*** SUPPLIED MATERIAL ***

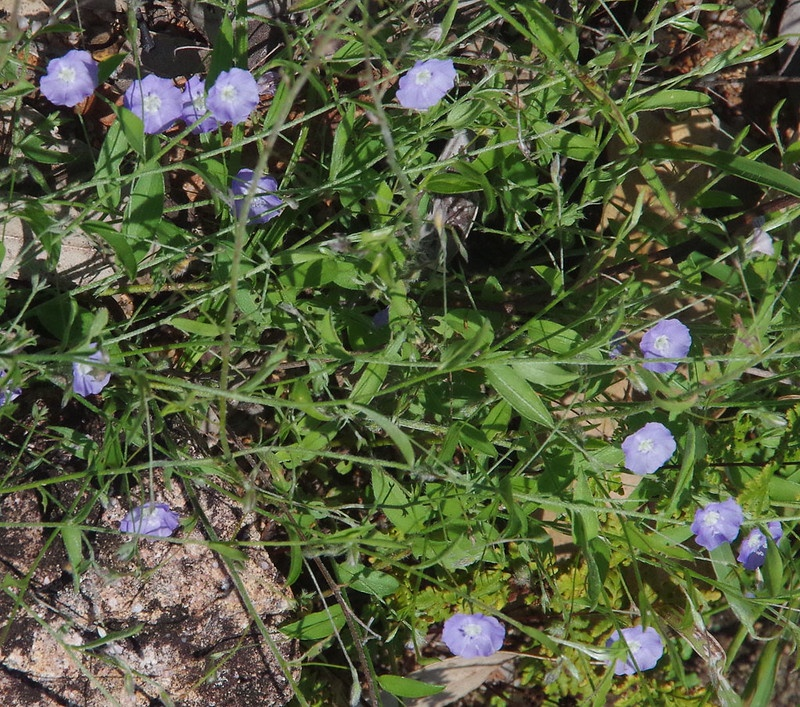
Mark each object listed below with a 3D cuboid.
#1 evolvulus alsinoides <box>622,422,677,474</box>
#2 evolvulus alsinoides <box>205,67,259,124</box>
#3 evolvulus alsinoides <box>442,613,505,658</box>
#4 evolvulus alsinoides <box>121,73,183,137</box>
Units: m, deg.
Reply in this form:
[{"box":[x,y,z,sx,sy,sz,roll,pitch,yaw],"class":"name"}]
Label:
[{"box":[0.597,0.209,1.765,0.138,0.043,0.135,-24,7,-7],"class":"evolvulus alsinoides"},{"box":[-0.409,-0.618,1.810,0.128,0.140,0.145,-12,-7,-9],"class":"evolvulus alsinoides"},{"box":[0.193,0.721,1.879,0.132,0.084,0.098,-10,-7,-14],"class":"evolvulus alsinoides"},{"box":[-0.598,-0.633,1.828,0.148,0.121,0.037,-1,-11,21],"class":"evolvulus alsinoides"}]

***

» **REQUIRED ACTION**
Without copying any picture, write out the entries exactly.

» **OUTPUT FOR THIS TASK**
Mark each object listed below with a 3D cuboid.
#1 evolvulus alsinoides <box>622,422,677,474</box>
#2 evolvulus alsinoides <box>205,67,259,124</box>
#3 evolvulus alsinoides <box>442,613,505,658</box>
#4 evolvulus alsinoides <box>121,73,183,137</box>
Units: m, deg.
Reply in this form:
[{"box":[x,y,z,sx,sy,sz,roll,pitch,yaw],"class":"name"}]
Label:
[{"box":[0.597,0.209,1.765,0.138,0.043,0.135,-24,7,-7],"class":"evolvulus alsinoides"},{"box":[-0.409,-0.618,1.810,0.128,0.140,0.145,-12,-7,-9],"class":"evolvulus alsinoides"},{"box":[0.193,0.721,1.879,0.132,0.084,0.098,-10,-7,-14],"class":"evolvulus alsinoides"},{"box":[-0.598,-0.633,1.828,0.148,0.121,0.037,-1,-11,21],"class":"evolvulus alsinoides"}]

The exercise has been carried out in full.